二本の高層ビルが向き合って建ち、最上部で結合されてそこに「空中庭園」が乗っています。この意図を、原はつぎのように説明しています(Hiroshi Hara: The 'Floating World' of his Architecture)。「高層ビルからなる中心街は、現状において、真に三次元的なものとなっていない。なぜならば、都市計画の観点から見ると、各々の高層ビルが行き止まりを形成しているからである。梅田スカイビルの意図は、広場や空中エスカレーターといった装置を発展させ、組み込むことにより、真に三次元的な都市の実現を可能とすることであった。」つまり、ビルからビルへ、地上に降りることなく渡り歩けるようになって初めて、人の流れが真の三次元性を獲得するというわけです。彼の提案する、一辺500メートルの立方体都市といったモデルも、同様のコンセプトに基づいているのでしょう。

上述の原の都市論は、たしかになかなかご説ごもっともと感心するのですが、しかしこの作品をよく見ると、実はわれわれにはすでにおなじみのものであることがわかります。何のことはない、彼のこれまでの作品では横に寝ていたものが、ここでは縦に立っただけのことなのです。
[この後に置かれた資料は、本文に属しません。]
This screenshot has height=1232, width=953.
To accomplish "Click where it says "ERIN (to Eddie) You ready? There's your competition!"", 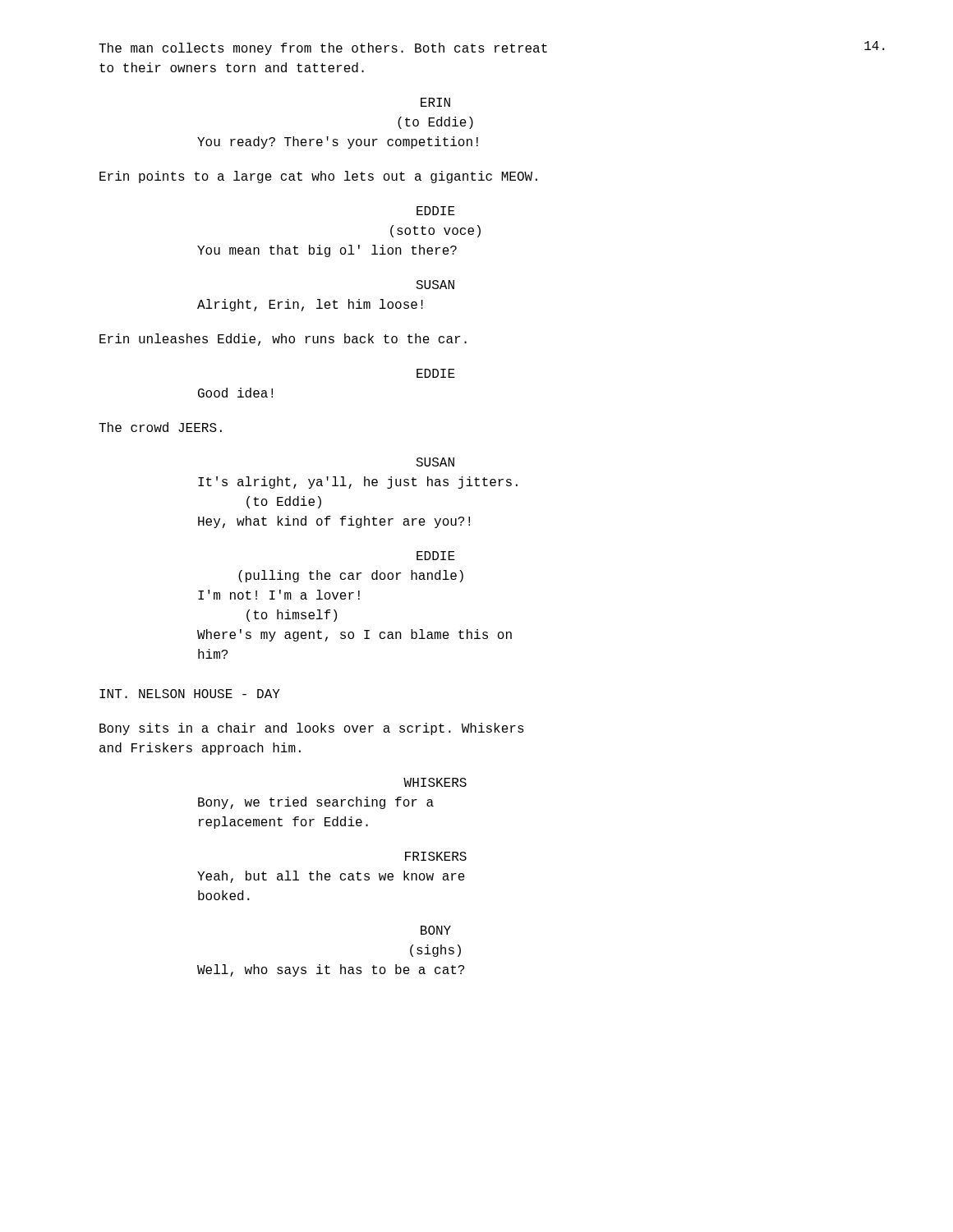I will coord(435,123).

彼の創ったものを見るたびに、私はどこか途方もない子供っぽさを感じずにいられません。子供が気の趣くままに描く宇宙船や未来都市の絵が、そのまま建築物になったかのようです。雲のようなオブジェや、露出した階段など、「こういうものがあったらかっこいい、楽しい」という空想が、つぎつぎと現実の物体になってゆくのです。とはいえもちろん、それをこれだけの巨大スケールで実現してしまうのは、やはり度外れた才能の賜であるに相違ないでしょう。